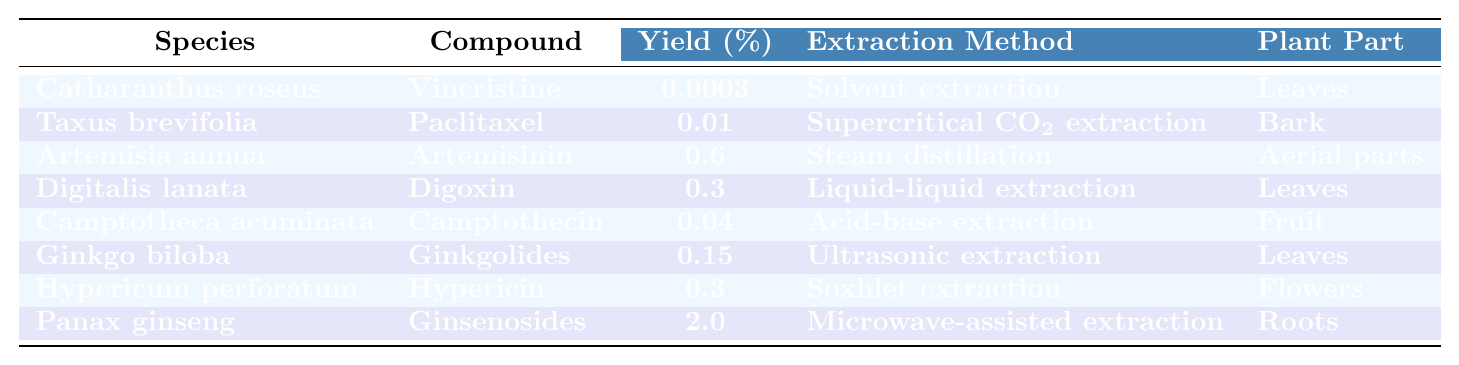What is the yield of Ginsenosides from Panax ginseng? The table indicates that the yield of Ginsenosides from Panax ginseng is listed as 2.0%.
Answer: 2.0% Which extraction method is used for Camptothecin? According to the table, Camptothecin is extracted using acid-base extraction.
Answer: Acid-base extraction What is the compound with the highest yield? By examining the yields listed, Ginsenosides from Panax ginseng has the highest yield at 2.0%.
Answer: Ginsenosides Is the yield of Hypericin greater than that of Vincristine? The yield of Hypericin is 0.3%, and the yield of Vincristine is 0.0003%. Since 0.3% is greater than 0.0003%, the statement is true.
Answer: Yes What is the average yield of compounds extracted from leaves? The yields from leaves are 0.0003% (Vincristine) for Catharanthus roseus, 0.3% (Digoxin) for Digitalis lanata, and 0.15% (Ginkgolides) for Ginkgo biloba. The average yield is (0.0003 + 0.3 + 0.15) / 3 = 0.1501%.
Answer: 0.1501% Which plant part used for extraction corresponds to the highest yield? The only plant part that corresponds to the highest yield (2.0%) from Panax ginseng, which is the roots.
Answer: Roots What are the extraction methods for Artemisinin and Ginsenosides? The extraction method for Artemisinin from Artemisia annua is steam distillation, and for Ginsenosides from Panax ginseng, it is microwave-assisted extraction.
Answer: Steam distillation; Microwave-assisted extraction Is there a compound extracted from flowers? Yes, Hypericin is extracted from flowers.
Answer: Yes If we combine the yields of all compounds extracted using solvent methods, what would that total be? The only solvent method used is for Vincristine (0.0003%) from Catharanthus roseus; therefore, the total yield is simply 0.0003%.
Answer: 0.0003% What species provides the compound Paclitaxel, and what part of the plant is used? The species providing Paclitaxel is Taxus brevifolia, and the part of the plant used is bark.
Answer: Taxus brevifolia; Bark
* * *
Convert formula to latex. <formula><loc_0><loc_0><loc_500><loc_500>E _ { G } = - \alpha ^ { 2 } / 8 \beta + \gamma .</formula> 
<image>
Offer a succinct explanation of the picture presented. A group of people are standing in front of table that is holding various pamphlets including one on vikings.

■ **Exercise prompt**
Send back exactly the lines of the listing above starting at the one with "Answer: Roots What" and ending at the one with "Answer: Taxus brevifolia; Bark", inclusive, and no others.

■ **Task output**
Answer: Roots What are the extraction methods for Artemisinin and Ginsenosides? The extraction method for Artemisinin from Artemisia annua is steam distillation, and for Ginsenosides from Panax ginseng, it is microwave-assisted extraction.
Answer: Steam distillation; Microwave-assisted extraction Is there a compound extracted from flowers? Yes, Hypericin is extracted from flowers.
Answer: Yes If we combine the yields of all compounds extracted using solvent methods, what would that total be? The only solvent method used is for Vincristine (0.0003%) from Catharanthus roseus; therefore, the total yield is simply 0.0003%.
Answer: 0.0003% What species provides the compound Paclitaxel, and what part of the plant is used? The species providing Paclitaxel is Taxus brevifolia, and the part of the plant used is bark.
Answer: Taxus brevifolia; Bark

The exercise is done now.